Un des hauts responsables du mouvement pro-iranien, Mahmoud Qomati, a qualifié les négociations avec Israël "d'humiliantes" et dénoncé "un complot contre le pays".

- "Bonnes intentions" -

Du côté de Téhéran, le ministre des Affaires étrangères, en visite en Inde, s'est dit ouvert à une aide de la Chine pour mettre fin au conflit, au lendemain de propos à Pékin de Donald Trump, selon qui son homologue chinois Xi Jinping a proposé d'aider à rouvrir le détroit d'Ormuz.

"Nous savons que (les) Chinois ont de bonnes intentions.
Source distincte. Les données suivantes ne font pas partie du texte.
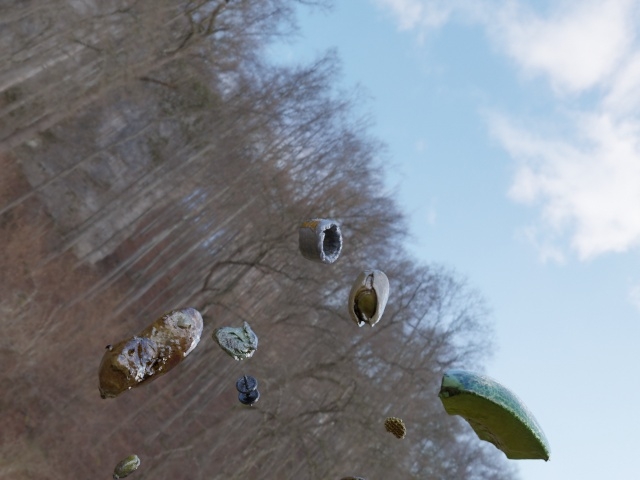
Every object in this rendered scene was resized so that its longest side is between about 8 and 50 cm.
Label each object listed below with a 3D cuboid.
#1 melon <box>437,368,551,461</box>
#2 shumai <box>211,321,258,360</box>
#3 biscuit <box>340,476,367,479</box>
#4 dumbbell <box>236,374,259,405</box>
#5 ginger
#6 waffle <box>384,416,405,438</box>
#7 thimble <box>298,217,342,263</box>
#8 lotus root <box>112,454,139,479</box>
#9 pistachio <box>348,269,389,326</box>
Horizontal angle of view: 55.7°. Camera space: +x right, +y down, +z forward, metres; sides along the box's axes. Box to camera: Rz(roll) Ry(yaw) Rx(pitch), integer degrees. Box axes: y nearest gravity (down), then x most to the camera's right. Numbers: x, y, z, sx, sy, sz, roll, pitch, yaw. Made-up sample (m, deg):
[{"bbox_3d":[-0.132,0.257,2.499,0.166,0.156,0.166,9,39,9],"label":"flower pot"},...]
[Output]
[{"bbox_3d":[0.529,0.536,1.916,0.343,0.226,0.331,56,0,-29],"label":"melon"},{"bbox_3d":[-0.331,0.389,2.408,0.184,0.142,0.184,39,-11,9],"label":"shumai"},{"bbox_3d":[0.166,0.855,2.054,0.226,0.042,0.226,16,-32,11],"label":"biscuit"},{"bbox_3d":[-0.236,0.485,1.959,0.069,0.069,0.147,22,-46,29],"label":"dumbbell"},{"bbox_3d":[-0.562,0.365,2.005,0.176,0.418,0.254,50,-22,10],"label":"ginger"},{"bbox_3d":[0.269,0.679,2.197,0.085,0.016,0.078,10,-75,29],"label":"waffle"},{"bbox_3d":[0.001,0.002,2.103,0.118,0.127,0.151,11,-65,43],"label":"thimble"},{"bbox_3d":[-0.643,0.750,1.997,0.049,0.099,0.054,5,-56,50],"label":"lotus root"},{"bbox_3d":[0.176,0.209,2.194,0.138,0.237,0.153,-1,-45,22],"label":"pistachio"}]
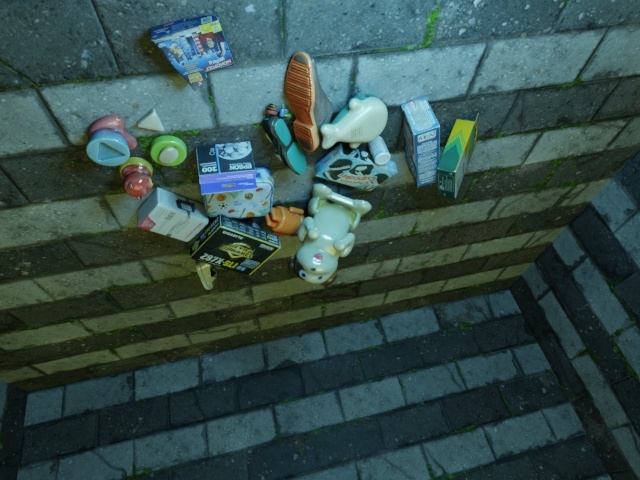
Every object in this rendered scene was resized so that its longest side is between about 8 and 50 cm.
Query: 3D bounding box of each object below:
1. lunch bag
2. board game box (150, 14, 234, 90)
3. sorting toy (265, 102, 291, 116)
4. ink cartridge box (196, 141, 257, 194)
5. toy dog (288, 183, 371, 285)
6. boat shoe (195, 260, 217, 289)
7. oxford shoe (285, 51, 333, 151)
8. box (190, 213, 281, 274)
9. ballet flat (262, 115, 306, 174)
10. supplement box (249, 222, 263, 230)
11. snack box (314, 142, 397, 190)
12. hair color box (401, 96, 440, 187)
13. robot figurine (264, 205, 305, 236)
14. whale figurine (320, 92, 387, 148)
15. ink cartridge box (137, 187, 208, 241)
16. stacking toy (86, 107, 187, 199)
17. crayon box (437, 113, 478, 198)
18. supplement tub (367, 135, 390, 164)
[{"bbox_3d":[-0.340,-0.204,1.752,0.303,0.115,0.243,-6,145,-14],"label":"lunch bag"},{"bbox_3d":[-0.367,-0.553,1.243,0.194,0.060,0.194,-16,149,-1],"label":"board game box"},{"bbox_3d":[-0.146,-0.468,1.492,0.102,0.061,0.042,-2,112,-34],"label":"sorting toy"},{"bbox_3d":[-0.349,-0.272,1.547,0.206,0.208,0.045,-8,150,-13],"label":"ink cartridge box"},{"bbox_3d":[0.000,0.000,1.929,0.285,0.408,0.395,24,161,-14],"label":"toy dog"},{"bbox_3d":[-0.602,0.188,2.259,0.084,0.095,0.258,-9,149,-4],"label":"boat shoe"},{"bbox_3d":[-0.031,-0.495,1.466,0.133,0.130,0.363,-40,150,-26],"label":"oxford shoe"},{"bbox_3d":[-0.387,0.030,1.900,0.322,0.079,0.257,22,132,-39],"label":"box"},{"bbox_3d":[-0.141,-0.370,1.607,0.096,0.095,0.280,18,153,33],"label":"ballet flat"},{"bbox_3d":[-0.390,0.028,2.072,0.239,0.130,0.073,-28,146,20],"label":"supplement box"},{"bbox_3d":[0.156,-0.311,1.824,0.322,0.060,0.187,9,153,-35],"label":"snack box"},{"bbox_3d":[0.418,-0.396,1.733,0.105,0.174,0.347,-17,148,5],"label":"hair color box"},{"bbox_3d":[-0.161,-0.089,1.998,0.219,0.128,0.158,16,93,-41],"label":"robot figurine"},{"bbox_3d":[0.109,-0.437,1.533,0.272,0.141,0.216,-26,146,-11],"label":"whale figurine"},{"bbox_3d":[-0.628,-0.104,1.785,0.172,0.100,0.237,-36,142,29],"label":"ink cartridge box"},{"bbox_3d":[-0.631,-0.292,1.464,0.280,0.130,0.309,-19,149,5],"label":"stacking toy"},{"bbox_3d":[0.596,-0.371,1.813,0.083,0.323,0.203,17,158,25],"label":"crayon box"},{"bbox_3d":[0.245,-0.377,1.749,0.071,0.107,0.071,-11,148,-7],"label":"supplement tub"}]

Toute initiative de leur part susceptible de soutenir la diplomatie serait donc la bienvenue", a déclaré M. Araghchi.

Les Gardiens de la Révolution iraniens permettent désormais à davantage de navires de passer par le détroit, quasi paralysé par Téhéran depuis le début de la guerre, a affirmé la télévision publique.

La veille, la chaîne avait fait état de plus de 30 navires autorisés à transiter par le détroit, qui voit passer d'ordinaire un cinquième des hydrocarbures consommés dans le monde.

De son côté, le porte-avions français Charles-De-Gaulle et son escorte sont arrivés "sur zone" au large de la péninsule arabique où ils sont prépositionnés en cas de déclenchement d'une mission "neutre" pour rétablir la navigation dans le détroit d'Ormuz, a annoncé la ministre déléguée aux Armées, Alice Rufo.